WHAT THIS TASK INVOLVES :: Show all lines below holding the string "north".
RECORDS section start
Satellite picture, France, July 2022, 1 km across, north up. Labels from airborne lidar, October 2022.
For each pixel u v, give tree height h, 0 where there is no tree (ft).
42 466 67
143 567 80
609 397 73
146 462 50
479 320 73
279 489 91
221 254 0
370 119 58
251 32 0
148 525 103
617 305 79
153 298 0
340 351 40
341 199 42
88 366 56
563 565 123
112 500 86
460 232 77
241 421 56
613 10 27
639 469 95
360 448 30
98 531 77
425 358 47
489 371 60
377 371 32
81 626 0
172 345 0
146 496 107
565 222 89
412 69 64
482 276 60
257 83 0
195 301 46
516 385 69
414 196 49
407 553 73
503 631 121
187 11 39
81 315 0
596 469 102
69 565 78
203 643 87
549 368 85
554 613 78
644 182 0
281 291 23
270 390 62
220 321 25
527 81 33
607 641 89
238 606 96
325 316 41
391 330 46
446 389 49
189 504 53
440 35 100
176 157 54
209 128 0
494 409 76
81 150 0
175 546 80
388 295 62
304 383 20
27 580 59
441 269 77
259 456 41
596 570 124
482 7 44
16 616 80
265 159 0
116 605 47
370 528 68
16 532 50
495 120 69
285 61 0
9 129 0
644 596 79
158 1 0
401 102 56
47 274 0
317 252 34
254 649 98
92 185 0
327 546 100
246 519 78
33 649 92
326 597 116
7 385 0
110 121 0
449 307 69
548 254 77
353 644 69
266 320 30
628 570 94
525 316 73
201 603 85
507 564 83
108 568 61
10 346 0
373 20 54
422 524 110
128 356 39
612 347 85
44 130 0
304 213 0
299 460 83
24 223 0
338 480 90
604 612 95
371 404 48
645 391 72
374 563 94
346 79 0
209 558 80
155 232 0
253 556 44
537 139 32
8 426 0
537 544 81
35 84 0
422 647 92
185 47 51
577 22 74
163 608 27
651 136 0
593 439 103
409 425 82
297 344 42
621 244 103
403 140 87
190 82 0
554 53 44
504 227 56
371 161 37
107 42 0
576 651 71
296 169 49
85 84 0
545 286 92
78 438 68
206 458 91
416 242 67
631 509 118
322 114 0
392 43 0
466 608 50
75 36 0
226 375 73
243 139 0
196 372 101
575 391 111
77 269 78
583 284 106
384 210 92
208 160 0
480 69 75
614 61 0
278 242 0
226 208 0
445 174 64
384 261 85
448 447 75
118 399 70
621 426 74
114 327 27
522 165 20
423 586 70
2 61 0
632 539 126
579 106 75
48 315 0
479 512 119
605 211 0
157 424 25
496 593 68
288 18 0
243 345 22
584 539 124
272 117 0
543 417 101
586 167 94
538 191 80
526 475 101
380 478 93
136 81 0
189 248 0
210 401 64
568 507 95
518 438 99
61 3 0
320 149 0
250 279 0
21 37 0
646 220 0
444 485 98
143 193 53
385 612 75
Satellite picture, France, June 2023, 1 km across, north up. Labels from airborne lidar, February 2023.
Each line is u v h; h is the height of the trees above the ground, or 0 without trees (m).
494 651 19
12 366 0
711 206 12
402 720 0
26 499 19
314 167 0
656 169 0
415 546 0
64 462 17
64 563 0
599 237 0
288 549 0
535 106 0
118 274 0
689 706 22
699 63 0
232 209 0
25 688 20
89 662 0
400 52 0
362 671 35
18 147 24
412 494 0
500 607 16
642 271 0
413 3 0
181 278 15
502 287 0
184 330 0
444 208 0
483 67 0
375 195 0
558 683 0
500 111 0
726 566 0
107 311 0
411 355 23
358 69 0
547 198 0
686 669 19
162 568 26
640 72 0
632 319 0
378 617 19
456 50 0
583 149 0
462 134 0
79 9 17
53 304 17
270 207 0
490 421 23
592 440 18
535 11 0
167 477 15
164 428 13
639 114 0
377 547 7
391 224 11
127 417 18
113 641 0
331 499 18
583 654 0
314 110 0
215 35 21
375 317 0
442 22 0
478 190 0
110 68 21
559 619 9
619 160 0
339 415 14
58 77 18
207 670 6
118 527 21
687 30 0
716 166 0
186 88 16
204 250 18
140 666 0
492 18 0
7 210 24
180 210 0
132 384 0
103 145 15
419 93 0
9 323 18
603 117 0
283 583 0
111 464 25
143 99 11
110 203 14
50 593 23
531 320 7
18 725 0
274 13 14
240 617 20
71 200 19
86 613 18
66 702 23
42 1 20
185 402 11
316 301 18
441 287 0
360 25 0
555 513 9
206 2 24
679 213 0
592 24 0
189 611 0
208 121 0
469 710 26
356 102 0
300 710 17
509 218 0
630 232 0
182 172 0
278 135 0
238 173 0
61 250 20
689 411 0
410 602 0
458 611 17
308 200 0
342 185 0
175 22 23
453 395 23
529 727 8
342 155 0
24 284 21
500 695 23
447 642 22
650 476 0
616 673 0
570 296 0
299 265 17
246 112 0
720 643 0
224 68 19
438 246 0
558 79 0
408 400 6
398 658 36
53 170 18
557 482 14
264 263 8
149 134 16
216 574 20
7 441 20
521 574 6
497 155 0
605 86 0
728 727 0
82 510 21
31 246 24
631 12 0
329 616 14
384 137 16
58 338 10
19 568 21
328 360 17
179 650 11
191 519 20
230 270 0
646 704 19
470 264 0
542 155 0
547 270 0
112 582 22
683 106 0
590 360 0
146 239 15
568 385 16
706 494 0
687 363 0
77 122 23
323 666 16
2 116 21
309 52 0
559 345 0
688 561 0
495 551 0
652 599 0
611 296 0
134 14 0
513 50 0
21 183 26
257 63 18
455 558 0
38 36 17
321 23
RECORDS section end
TASK SOLUTION ::
Satellite picture, France, July 2022, 1 km across, north up. Labels from airborne lidar, October 2022.
Satellite picture, France, June 2023, 1 km across, north up. Labels from airborne lidar, February 2023.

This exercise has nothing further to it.